Start of Supplied data

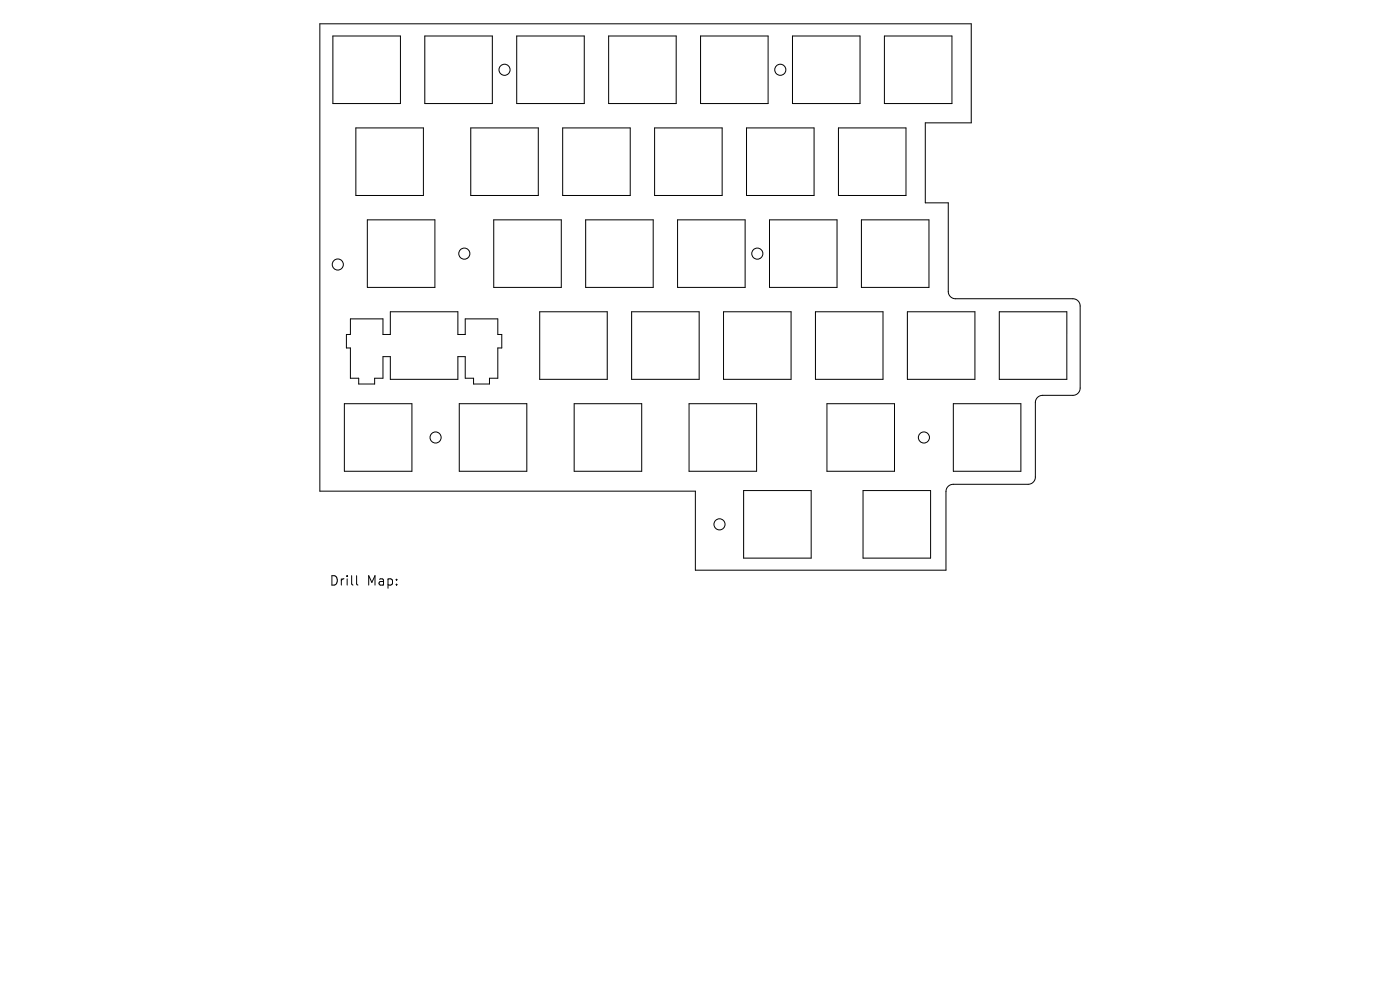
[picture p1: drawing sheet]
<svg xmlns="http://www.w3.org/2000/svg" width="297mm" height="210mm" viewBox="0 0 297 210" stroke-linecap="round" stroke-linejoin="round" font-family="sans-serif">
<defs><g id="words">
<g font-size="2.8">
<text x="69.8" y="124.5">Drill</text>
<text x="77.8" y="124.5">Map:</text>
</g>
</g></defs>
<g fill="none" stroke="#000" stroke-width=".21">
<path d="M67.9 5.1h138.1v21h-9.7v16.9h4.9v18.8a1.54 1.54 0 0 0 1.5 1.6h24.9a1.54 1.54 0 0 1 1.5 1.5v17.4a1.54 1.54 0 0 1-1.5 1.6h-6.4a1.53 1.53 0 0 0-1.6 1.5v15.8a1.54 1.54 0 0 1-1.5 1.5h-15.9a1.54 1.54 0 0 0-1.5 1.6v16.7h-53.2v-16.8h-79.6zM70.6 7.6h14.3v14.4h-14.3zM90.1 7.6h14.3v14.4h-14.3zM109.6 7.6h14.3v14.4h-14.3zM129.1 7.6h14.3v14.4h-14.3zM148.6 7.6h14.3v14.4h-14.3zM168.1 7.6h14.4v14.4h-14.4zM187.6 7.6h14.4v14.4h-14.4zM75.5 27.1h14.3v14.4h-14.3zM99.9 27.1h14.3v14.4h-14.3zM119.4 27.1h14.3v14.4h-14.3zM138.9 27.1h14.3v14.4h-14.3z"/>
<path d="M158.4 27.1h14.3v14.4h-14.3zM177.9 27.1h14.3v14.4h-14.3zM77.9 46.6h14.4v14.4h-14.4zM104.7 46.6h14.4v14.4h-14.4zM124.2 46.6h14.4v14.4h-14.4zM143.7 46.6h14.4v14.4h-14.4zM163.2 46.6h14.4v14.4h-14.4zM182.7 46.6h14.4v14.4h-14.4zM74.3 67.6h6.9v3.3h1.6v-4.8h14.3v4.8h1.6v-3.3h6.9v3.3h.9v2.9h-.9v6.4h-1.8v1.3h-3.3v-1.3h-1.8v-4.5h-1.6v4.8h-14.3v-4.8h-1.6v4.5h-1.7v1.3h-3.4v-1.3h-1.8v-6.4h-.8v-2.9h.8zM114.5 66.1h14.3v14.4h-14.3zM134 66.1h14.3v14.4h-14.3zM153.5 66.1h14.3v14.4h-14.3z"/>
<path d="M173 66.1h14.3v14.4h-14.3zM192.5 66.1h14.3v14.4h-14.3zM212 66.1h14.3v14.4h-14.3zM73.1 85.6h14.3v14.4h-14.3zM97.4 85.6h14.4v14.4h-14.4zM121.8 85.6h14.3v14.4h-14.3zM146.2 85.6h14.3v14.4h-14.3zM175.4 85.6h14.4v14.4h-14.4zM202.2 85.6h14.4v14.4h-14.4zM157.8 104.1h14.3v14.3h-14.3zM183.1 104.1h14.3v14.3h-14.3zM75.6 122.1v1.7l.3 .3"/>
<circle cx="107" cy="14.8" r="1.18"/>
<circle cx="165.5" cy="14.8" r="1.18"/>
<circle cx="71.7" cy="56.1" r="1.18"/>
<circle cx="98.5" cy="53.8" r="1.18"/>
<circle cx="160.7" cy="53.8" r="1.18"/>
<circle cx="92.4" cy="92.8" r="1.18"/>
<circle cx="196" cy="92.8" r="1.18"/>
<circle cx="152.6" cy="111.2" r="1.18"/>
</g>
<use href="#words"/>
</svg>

End of Supplied data

Aim of the task
Transcribe every line in the entries above, taking out only the images.

Response below
[picture p1: drawing sheet]
<svg xmlns="http://www.w3.org/2000/svg" width="297mm" height="210mm" viewBox="0 0 297 210" stroke-linecap="round" stroke-linejoin="round" font-family="sans-serif">
<defs><g id="words">
<g font-size="2.8">
<text x="69.8" y="124.5">Drill</text>
<text x="77.8" y="124.5">Map:</text>
</g>
</g></defs>
<g fill="none" stroke="#000" stroke-width=".21">
<path d="M67.9 5.1h138.1v21h-9.7v16.9h4.9v18.8a1.54 1.54 0 0 0 1.5 1.6h24.9a1.54 1.54 0 0 1 1.5 1.5v17.4a1.54 1.54 0 0 1-1.5 1.6h-6.4a1.53 1.53 0 0 0-1.6 1.5v15.8a1.54 1.54 0 0 1-1.5 1.5h-15.9a1.54 1.54 0 0 0-1.5 1.6v16.7h-53.2v-16.8h-79.6zM70.6 7.6h14.3v14.4h-14.3zM90.1 7.6h14.3v14.4h-14.3zM109.6 7.6h14.3v14.4h-14.3zM129.1 7.6h14.3v14.4h-14.3zM148.6 7.6h14.3v14.4h-14.3zM168.1 7.6h14.4v14.4h-14.4zM187.6 7.6h14.4v14.4h-14.4zM75.5 27.1h14.3v14.4h-14.3zM99.9 27.1h14.3v14.4h-14.3zM119.4 27.1h14.3v14.4h-14.3zM138.9 27.1h14.3v14.4h-14.3z"/>
<path d="M158.4 27.1h14.3v14.4h-14.3zM177.9 27.1h14.3v14.4h-14.3zM77.9 46.6h14.4v14.4h-14.4zM104.7 46.6h14.4v14.4h-14.4zM124.2 46.6h14.4v14.4h-14.4zM143.7 46.6h14.4v14.4h-14.4zM163.2 46.6h14.4v14.4h-14.4zM182.7 46.6h14.4v14.4h-14.4zM74.3 67.6h6.9v3.3h1.6v-4.8h14.3v4.8h1.6v-3.3h6.9v3.3h.9v2.9h-.9v6.4h-1.8v1.3h-3.3v-1.3h-1.8v-4.5h-1.6v4.8h-14.3v-4.8h-1.6v4.5h-1.7v1.3h-3.4v-1.3h-1.8v-6.4h-.8v-2.9h.8zM114.5 66.1h14.3v14.4h-14.3zM134 66.1h14.3v14.4h-14.3zM153.5 66.1h14.3v14.4h-14.3z"/>
<path d="M173 66.1h14.3v14.4h-14.3zM192.5 66.1h14.3v14.4h-14.3zM212 66.1h14.3v14.4h-14.3zM73.1 85.6h14.3v14.4h-14.3zM97.4 85.6h14.4v14.4h-14.4zM121.8 85.6h14.3v14.4h-14.3zM146.2 85.6h14.3v14.4h-14.3zM175.4 85.6h14.4v14.4h-14.4zM202.2 85.6h14.4v14.4h-14.4zM157.8 104.1h14.3v14.3h-14.3zM183.1 104.1h14.3v14.3h-14.3zM75.6 122.1v1.7l.3 .3"/>
<circle cx="107" cy="14.8" r="1.18"/>
<circle cx="165.5" cy="14.8" r="1.18"/>
<circle cx="71.7" cy="56.1" r="1.18"/>
<circle cx="98.5" cy="53.8" r="1.18"/>
<circle cx="160.7" cy="53.8" r="1.18"/>
<circle cx="92.4" cy="92.8" r="1.18"/>
<circle cx="196" cy="92.8" r="1.18"/>
<circle cx="152.6" cy="111.2" r="1.18"/>
</g>
<use href="#words"/>
</svg>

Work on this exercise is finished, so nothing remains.